Certes, comme l’a écrit l’apôtre Jacques, « quiconque observe toute la loi, mais pèche contre un seul commandement, devient coupable de tous » (Jacques 2:10), et cela donne à réfléchir, mais comme il le précise trois versets plus loin, « la miséricorde triomphe du jugement » (verset 13).

Le jugement tombe en premier. Et nous sommes tous coupables de péchés. Et le seul moyen d’effacer cette culpabilité, c’est de nous en repentir – d’implorer Dieu de nous pardonner et de nous engager à changer nos voies. Quand nous nous en repentons sincèrement, la miséricorde divine (le pardon que nous ne méritons pas) triomphe du jugement divin (du châtiment que nous méritons). Il n’y a pas de péché bénin qui ne nous sépare pas de Dieu, et il n’y a pas de péché si énorme que Dieu ne puisse pardonner.

Il n’y a pas de péché si grave dont Dieu ne puisse vous purifier.

Un repentir sincère et le baptême sont les éléments clés dans ce processus consistant à nous faire pardonner grâce au sang versé par Christ (Actes 2:38). Pour en savoir plus sur ce sujet, lire notre article Comment obtenir le pardon de nos fautes ? et les articles connexes.
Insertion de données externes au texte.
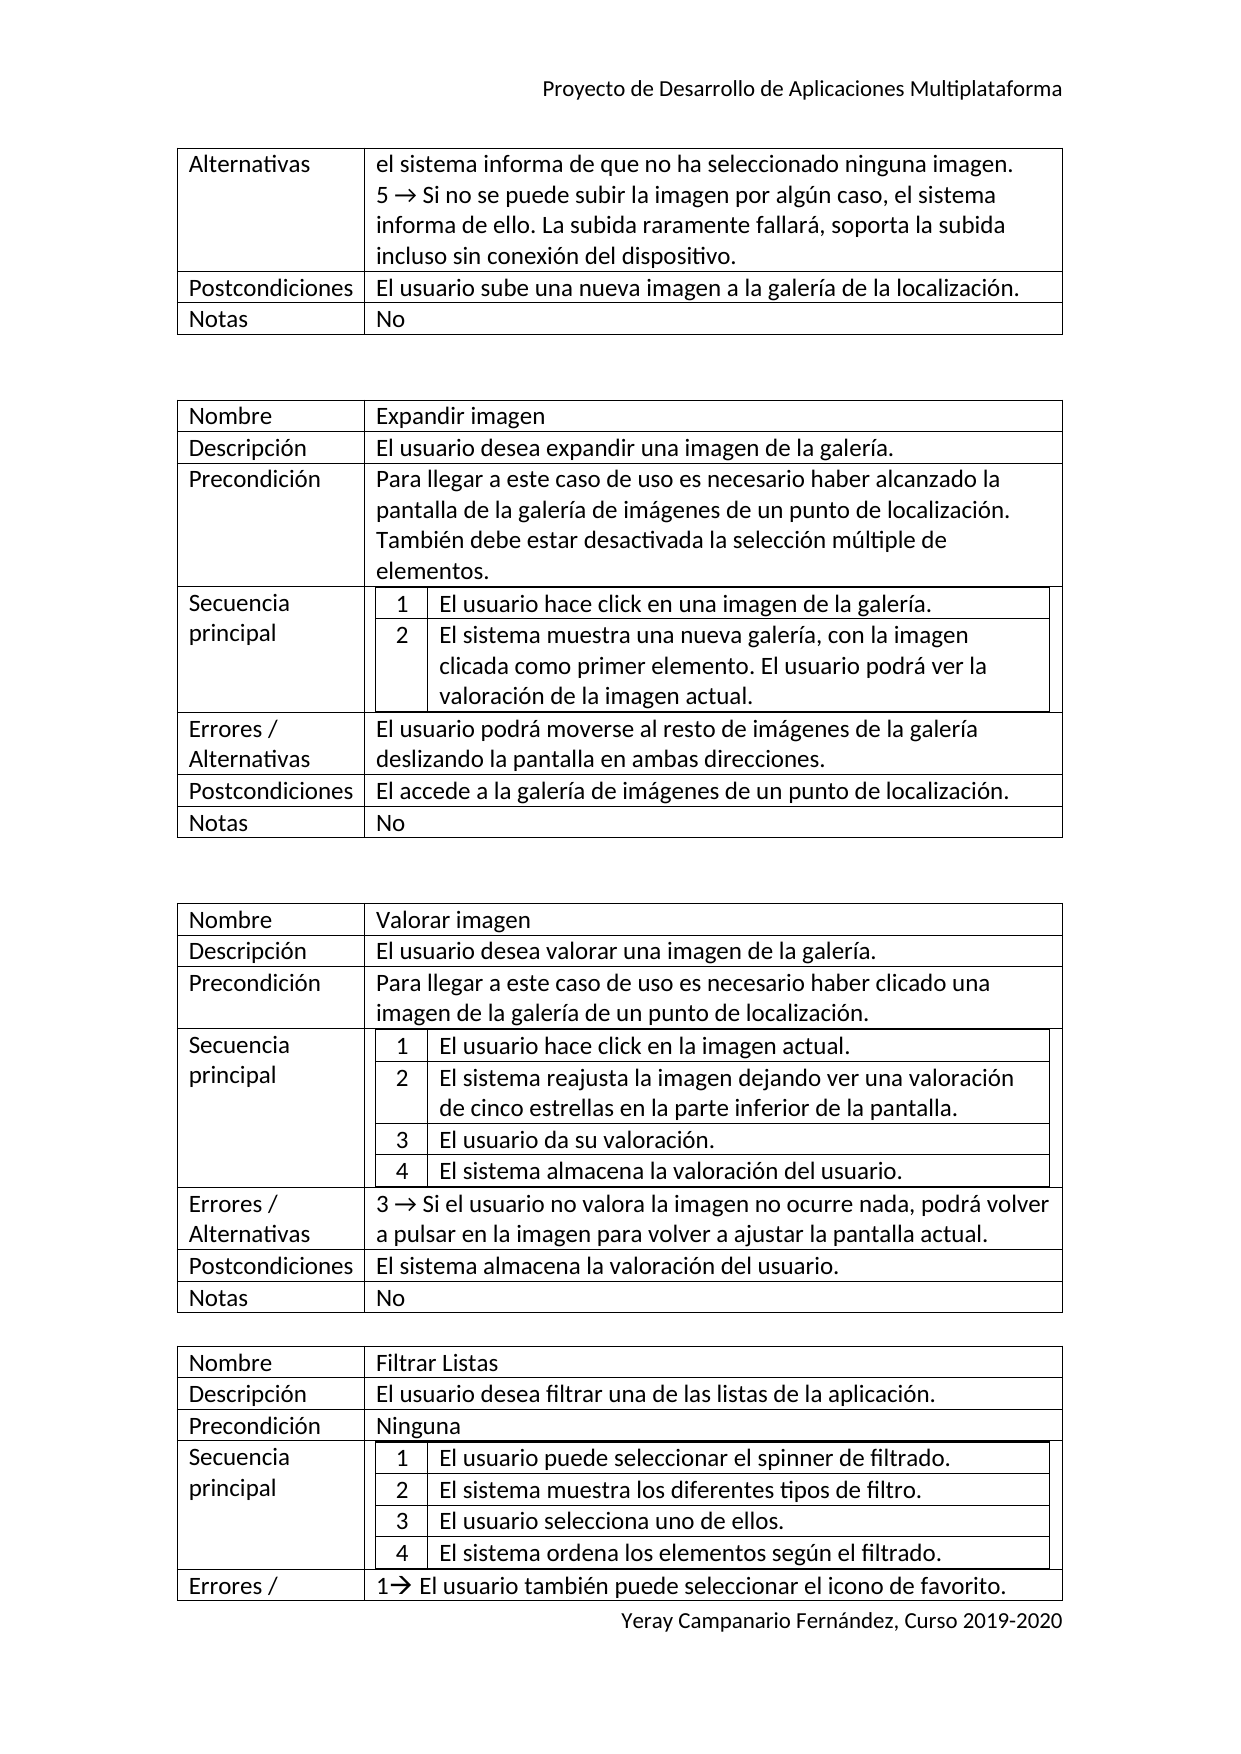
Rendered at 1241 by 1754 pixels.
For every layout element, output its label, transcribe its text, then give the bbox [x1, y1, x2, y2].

table_cell El sistema ordena los elementos según el filtrado. [428, 1537, 1049, 1568]
table_cell 2 [376, 1062, 427, 1123]
table_header El usuario puede seleccionar el spinner de filtrado. [428, 1443, 1049, 1473]
table_header Filtrar Listas [365, 1347, 1062, 1377]
table_cell Secuencia principal [178, 587, 364, 712]
table_cell [365, 1029, 375, 1187]
table_header El usuario hace click en la imagen actual. [428, 1030, 1049, 1061]
table_cell El sistema almacena la valoración del usuario. [428, 1155, 1049, 1186]
table_cell Errores / Alternativas [178, 1188, 364, 1249]
table_cell 4 [376, 1155, 427, 1186]
table_cell Alternativas [178, 149, 364, 271]
table_cell El sistema almacena la valoración del usuario. [365, 1250, 1062, 1281]
table_cell Descripción [178, 936, 364, 966]
table_cell Para llegar a este caso de uso es necesario haber clicado una imagen de la galería de un punto de localización. [365, 967, 1062, 1028]
table_cell Descripción [178, 1378, 364, 1409]
table_cell El usuario da su valoración. [428, 1124, 1049, 1154]
table_header 1 [376, 588, 427, 618]
table_cell [1050, 1441, 1062, 1569]
table_cell Postcondiciones [178, 775, 364, 806]
table_cell No [365, 807, 1062, 837]
table_cell No [365, 1282, 1062, 1312]
table_cell Notas [178, 807, 364, 837]
table_header Nombre [178, 904, 364, 934]
table_header 1 [376, 1443, 427, 1473]
table_header El usuario hace click en una imagen de la galería. [428, 588, 1049, 618]
table_cell Precondición [178, 967, 364, 1028]
table_cell Descripción [178, 432, 364, 463]
table_cell El usuario desea filtrar una de las listas de la aplicación. [365, 1378, 1062, 1409]
table_cell Secuencia principal [178, 1029, 364, 1187]
table_cell El sistema muestra una nueva galería, con la imagen clicada como primer elemento. El usuario podrá ver la valoración de la imagen actual. [428, 619, 1049, 711]
table_cell El usuario podrá moverse al resto de imágenes de la galería deslizando la pantalla en ambas direcciones. [365, 713, 1062, 774]
table_cell Errores / Alternativas [178, 713, 364, 774]
table_header 1 [376, 1030, 427, 1061]
table_cell Ninguna [365, 1410, 1062, 1440]
table_cell 3 [376, 1124, 427, 1154]
table_cell Secuencia principal [178, 1441, 364, 1569]
table_header Nombre [178, 401, 364, 431]
table_cell Para llegar a este caso de uso es necesario haber alcanzado la pantalla de la galería de imágenes de un punto de localización. También debe estar desactivada la selección múltiple de elementos. [365, 464, 1062, 586]
table_cell Precondición [178, 1410, 364, 1440]
table_cell [365, 1441, 375, 1569]
table_cell El usuario desea expandir una imagen de la galería. [365, 432, 1062, 463]
table_cell 3 → Si el usuario no valora la imagen no ocurre nada, podrá volver a pulsar en la imagen para volver a ajustar la pantalla actual. [365, 1188, 1062, 1249]
table_cell El accede a la galería de imágenes de un punto de localización. [365, 775, 1062, 806]
table_cell 1 El usuario también puede seleccionar el icono de favorito. [365, 1570, 1062, 1600]
table_header Valorar imagen [365, 904, 1062, 934]
table_cell 2 [376, 1474, 427, 1504]
table_cell El sistema muestra los diferentes tipos de filtro. [428, 1474, 1049, 1504]
table_cell Postcondiciones [178, 272, 364, 302]
table_cell El usuario desea valorar una imagen de la galería. [365, 936, 1062, 966]
table_cell El sistema reajusta la imagen dejando ver una valoración de cinco estrellas en la parte inferior de la pantalla. [428, 1062, 1049, 1123]
table_cell Notas [178, 303, 364, 334]
table_cell [1050, 587, 1062, 712]
table_cell 4 [376, 1537, 427, 1568]
table_cell Errores / [178, 1570, 364, 1600]
table_cell El usuario sube una nueva imagen a la galería de la localización. [365, 272, 1062, 302]
table_cell Notas [178, 1282, 364, 1312]
table_cell el sistema informa de que no ha seleccionado ninguna imagen. 5 → Si no se puede subir la imagen por algún caso, el sistema informa de ello. La subida raramente fallará, soporta la subida incluso sin conexión del dispositivo. [365, 149, 1062, 271]
table_cell [1050, 1029, 1062, 1187]
table_cell 3 [376, 1506, 427, 1536]
table_header Nombre [178, 1347, 364, 1377]
table_cell [365, 587, 375, 712]
table_cell 2 [376, 619, 427, 711]
table_cell Postcondiciones [178, 1250, 364, 1281]
table_header Expandir imagen [365, 401, 1062, 431]
table_cell El usuario selecciona uno de ellos. [428, 1506, 1049, 1536]
table_cell Precondición [178, 464, 364, 586]
table_cell No [365, 303, 1062, 334]

Grâce à ce pardon, vous n’avez plus besoin de vivre comme vous le faisiez auparavant. Cela ne veut pas dire que vous oublierez votre passé et qu’il ne vous fera plus jamais souffrir, mais ce que vous avez fait ne sera plus un fardeau que Dieu s’attend à ce que vous continuiez à porter en faisant acte de pénitence. L’amende de vos péchés – de tous vos péchés – aura été payée. La voie vous sera ouverte et Dieu vous accueillera les bras ouverts.